--- TASK DESCRIPTION ---
Would you please transcribe, exactly as written, the lines of the entries below starting at the one that holds "Write a terse" and ending at the one that holds "if _stoppedEvent == nil", both included?
═════ EXTRACTED RECORDS ═════
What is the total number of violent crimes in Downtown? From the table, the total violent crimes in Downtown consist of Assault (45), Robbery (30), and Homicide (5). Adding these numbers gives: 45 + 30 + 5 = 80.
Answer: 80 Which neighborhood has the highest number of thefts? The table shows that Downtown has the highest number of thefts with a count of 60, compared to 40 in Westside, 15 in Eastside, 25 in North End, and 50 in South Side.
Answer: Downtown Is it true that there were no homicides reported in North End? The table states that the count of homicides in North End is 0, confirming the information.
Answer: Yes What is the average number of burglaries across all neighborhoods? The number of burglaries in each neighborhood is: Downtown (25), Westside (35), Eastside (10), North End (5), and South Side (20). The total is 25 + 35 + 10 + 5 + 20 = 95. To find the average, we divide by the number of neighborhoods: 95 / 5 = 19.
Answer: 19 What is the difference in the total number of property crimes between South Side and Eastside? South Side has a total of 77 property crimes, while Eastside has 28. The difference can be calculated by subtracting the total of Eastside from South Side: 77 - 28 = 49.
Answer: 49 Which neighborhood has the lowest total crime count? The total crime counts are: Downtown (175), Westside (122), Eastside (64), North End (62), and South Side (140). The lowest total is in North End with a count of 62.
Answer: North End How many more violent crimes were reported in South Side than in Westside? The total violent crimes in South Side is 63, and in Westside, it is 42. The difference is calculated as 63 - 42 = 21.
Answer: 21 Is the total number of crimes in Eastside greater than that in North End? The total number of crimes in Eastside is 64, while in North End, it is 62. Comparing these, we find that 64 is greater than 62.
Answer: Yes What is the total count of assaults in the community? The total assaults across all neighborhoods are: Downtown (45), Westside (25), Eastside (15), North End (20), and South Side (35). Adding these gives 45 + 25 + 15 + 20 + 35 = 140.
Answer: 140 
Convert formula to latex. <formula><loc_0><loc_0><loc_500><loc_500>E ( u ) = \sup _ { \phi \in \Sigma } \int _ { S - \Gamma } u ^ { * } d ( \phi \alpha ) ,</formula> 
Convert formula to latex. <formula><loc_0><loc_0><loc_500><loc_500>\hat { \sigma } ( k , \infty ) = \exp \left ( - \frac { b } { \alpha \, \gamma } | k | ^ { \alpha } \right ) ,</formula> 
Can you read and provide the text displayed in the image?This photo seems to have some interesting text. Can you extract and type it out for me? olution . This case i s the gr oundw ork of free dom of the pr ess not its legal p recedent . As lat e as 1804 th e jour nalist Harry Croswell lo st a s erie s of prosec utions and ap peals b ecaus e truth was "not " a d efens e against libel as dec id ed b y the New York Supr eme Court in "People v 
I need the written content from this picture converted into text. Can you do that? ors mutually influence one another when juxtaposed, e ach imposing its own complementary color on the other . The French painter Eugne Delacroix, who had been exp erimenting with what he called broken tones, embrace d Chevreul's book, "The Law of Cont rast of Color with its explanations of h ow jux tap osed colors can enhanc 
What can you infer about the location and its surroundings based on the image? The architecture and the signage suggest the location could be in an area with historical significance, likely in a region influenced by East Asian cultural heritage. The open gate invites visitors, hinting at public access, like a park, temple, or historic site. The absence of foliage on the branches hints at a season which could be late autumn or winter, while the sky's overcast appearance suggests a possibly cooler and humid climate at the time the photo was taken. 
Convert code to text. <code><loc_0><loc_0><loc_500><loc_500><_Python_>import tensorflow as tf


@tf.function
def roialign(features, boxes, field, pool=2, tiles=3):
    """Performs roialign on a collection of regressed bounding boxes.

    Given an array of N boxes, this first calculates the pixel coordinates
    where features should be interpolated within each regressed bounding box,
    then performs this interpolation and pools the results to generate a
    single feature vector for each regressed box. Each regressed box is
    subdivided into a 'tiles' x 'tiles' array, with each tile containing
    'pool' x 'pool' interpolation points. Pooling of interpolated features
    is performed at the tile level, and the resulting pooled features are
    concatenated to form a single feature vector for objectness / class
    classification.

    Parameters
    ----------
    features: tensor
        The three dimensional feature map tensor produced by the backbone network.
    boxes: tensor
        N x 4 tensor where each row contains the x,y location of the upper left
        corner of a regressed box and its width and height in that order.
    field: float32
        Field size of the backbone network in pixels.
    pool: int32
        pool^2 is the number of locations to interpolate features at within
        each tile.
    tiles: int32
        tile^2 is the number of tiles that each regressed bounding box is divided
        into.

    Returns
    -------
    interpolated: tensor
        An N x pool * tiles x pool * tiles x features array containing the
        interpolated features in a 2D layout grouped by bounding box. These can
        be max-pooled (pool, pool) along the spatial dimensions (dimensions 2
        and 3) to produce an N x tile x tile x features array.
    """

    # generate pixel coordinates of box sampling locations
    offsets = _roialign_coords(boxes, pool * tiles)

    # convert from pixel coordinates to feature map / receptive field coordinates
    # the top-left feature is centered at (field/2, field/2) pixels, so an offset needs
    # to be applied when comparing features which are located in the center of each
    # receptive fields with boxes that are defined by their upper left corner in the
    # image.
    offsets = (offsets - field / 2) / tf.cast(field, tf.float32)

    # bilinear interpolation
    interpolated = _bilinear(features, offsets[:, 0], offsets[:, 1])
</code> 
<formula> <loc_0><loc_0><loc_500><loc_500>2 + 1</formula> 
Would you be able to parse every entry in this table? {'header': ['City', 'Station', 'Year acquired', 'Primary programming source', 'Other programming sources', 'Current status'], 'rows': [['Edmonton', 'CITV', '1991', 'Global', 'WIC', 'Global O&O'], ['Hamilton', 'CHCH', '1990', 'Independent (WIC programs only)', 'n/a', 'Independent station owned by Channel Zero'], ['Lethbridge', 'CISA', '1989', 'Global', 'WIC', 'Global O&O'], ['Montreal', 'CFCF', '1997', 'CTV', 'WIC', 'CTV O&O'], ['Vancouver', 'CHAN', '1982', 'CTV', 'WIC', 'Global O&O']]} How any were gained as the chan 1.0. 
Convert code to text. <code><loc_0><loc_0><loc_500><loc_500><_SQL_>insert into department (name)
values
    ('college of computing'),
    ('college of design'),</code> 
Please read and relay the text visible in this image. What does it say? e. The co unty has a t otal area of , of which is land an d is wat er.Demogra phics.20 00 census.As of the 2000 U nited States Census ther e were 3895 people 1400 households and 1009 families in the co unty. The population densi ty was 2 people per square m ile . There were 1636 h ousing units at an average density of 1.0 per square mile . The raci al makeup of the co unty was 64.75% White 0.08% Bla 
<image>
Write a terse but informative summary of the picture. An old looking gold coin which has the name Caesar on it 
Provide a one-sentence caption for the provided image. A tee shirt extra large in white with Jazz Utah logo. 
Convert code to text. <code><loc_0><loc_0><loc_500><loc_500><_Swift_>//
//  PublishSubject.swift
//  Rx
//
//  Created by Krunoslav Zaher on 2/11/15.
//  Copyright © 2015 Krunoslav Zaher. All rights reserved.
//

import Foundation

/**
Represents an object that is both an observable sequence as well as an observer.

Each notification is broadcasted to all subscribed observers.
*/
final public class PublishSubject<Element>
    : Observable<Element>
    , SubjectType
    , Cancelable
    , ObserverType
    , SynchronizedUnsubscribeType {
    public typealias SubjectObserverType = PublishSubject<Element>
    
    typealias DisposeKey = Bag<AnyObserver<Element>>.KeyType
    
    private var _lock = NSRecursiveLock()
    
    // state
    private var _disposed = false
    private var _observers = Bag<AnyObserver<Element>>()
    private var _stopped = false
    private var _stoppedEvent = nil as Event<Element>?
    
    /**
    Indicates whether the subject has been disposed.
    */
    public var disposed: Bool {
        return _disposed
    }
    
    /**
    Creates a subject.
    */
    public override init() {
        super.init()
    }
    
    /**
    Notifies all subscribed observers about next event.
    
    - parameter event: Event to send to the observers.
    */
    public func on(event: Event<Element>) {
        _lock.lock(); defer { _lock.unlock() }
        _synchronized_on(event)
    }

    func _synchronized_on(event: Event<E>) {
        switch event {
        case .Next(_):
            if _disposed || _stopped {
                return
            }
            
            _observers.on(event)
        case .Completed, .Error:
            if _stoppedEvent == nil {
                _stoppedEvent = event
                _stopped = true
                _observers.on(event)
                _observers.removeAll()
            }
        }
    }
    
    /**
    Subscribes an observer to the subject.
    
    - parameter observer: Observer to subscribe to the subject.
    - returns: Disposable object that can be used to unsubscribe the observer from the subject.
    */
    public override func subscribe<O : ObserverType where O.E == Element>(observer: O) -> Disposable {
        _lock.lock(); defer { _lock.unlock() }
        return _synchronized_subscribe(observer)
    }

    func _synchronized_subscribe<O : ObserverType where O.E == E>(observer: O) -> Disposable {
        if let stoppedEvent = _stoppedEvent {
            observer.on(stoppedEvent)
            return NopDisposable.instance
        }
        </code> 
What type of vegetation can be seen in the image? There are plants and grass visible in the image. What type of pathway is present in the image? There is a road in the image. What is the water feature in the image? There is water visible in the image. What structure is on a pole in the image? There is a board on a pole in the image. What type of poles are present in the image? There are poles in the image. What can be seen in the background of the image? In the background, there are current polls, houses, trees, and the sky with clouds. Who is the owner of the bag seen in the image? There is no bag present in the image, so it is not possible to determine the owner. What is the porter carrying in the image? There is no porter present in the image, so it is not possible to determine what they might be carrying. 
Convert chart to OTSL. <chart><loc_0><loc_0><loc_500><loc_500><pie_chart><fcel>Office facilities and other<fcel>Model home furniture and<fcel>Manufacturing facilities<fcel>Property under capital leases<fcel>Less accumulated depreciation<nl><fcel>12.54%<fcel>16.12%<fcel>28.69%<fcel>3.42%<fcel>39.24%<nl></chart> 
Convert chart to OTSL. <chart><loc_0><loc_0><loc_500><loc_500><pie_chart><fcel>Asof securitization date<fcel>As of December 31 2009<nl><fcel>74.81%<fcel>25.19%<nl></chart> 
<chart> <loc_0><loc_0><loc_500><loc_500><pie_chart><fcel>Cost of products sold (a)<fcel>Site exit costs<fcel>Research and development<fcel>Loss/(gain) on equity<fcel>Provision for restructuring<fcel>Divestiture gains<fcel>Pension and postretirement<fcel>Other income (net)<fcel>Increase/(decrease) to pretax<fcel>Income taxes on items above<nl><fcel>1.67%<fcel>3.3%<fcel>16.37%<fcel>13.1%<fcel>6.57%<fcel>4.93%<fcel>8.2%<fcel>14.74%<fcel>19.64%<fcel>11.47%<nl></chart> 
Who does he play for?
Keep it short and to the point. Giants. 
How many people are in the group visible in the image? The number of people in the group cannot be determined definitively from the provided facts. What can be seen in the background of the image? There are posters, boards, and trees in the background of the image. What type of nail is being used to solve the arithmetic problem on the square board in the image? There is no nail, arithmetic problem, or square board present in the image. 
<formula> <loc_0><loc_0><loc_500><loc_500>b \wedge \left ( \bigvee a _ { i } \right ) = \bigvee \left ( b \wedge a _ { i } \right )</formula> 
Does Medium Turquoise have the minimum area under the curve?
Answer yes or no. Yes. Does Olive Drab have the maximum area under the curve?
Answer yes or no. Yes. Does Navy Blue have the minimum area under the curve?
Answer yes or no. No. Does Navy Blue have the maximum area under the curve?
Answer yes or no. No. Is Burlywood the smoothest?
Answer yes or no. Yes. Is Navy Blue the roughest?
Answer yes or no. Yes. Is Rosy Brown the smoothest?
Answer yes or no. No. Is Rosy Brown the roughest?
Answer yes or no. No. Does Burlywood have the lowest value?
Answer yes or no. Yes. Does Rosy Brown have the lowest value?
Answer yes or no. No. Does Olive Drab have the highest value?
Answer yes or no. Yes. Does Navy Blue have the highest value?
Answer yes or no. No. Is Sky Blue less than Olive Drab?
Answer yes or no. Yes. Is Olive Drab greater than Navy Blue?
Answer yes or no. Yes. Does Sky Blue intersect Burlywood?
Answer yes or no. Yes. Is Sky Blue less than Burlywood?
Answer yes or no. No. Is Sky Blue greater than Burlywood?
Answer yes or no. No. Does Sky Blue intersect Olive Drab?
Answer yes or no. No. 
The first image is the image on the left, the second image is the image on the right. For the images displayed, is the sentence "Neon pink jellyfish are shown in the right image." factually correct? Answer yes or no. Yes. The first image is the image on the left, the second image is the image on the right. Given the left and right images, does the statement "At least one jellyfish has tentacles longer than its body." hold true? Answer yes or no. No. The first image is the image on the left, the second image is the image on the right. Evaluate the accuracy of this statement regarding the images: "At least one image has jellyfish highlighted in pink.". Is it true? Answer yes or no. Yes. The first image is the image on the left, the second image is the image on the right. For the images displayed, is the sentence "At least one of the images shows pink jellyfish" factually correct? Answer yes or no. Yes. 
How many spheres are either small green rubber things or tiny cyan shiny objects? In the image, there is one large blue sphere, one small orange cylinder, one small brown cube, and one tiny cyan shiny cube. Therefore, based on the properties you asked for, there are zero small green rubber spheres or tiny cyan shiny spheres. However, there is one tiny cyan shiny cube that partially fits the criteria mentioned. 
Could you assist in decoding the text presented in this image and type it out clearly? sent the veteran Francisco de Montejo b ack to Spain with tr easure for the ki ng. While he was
═════
--- WRITTEN RESPONSE ---
Write a terse but informative summary of the picture. An old looking gold coin which has the name Caesar on it 
Provide a one-sentence caption for the provided image. A tee shirt extra large in white with Jazz Utah logo. 
Convert code to text. <code><loc_0><loc_0><loc_500><loc_500><_Swift_>//
//  PublishSubject.swift
//  Rx
//
//  Created by Krunoslav Zaher on 2/11/15.
//  Copyright © 2015 Krunoslav Zaher. All rights reserved.
//

import Foundation

/**
Represents an object that is both an observable sequence as well as an observer.

Each notification is broadcasted to all subscribed observers.
*/
final public class PublishSubject<Element>
    : Observable<Element>
    , SubjectType
    , Cancelable
    , ObserverType
    , SynchronizedUnsubscribeType {
    public typealias SubjectObserverType = PublishSubject<Element>
    
    typealias DisposeKey = Bag<AnyObserver<Element>>.KeyType
    
    private var _lock = NSRecursiveLock()
    
    // state
    private var _disposed = false
    private var _observers = Bag<AnyObserver<Element>>()
    private var _stopped = false
    private var _stoppedEvent = nil as Event<Element>?
    
    /**
    Indicates whether the subject has been disposed.
    */
    public var disposed: Bool {
        return _disposed
    }
    
    /**
    Creates a subject.
    */
    public override init() {
        super.init()
    }
    
    /**
    Notifies all subscribed observers about next event.
    
    - parameter event: Event to send to the observers.
    */
    public func on(event: Event<Element>) {
        _lock.lock(); defer { _lock.unlock() }
        _synchronized_on(event)
    }

    func _synchronized_on(event: Event<E>) {
        switch event {
        case .Next(_):
            if _disposed || _stopped {
                return
            }
            
            _observers.on(event)
        case .Completed, .Error:
            if _stoppedEvent == nil {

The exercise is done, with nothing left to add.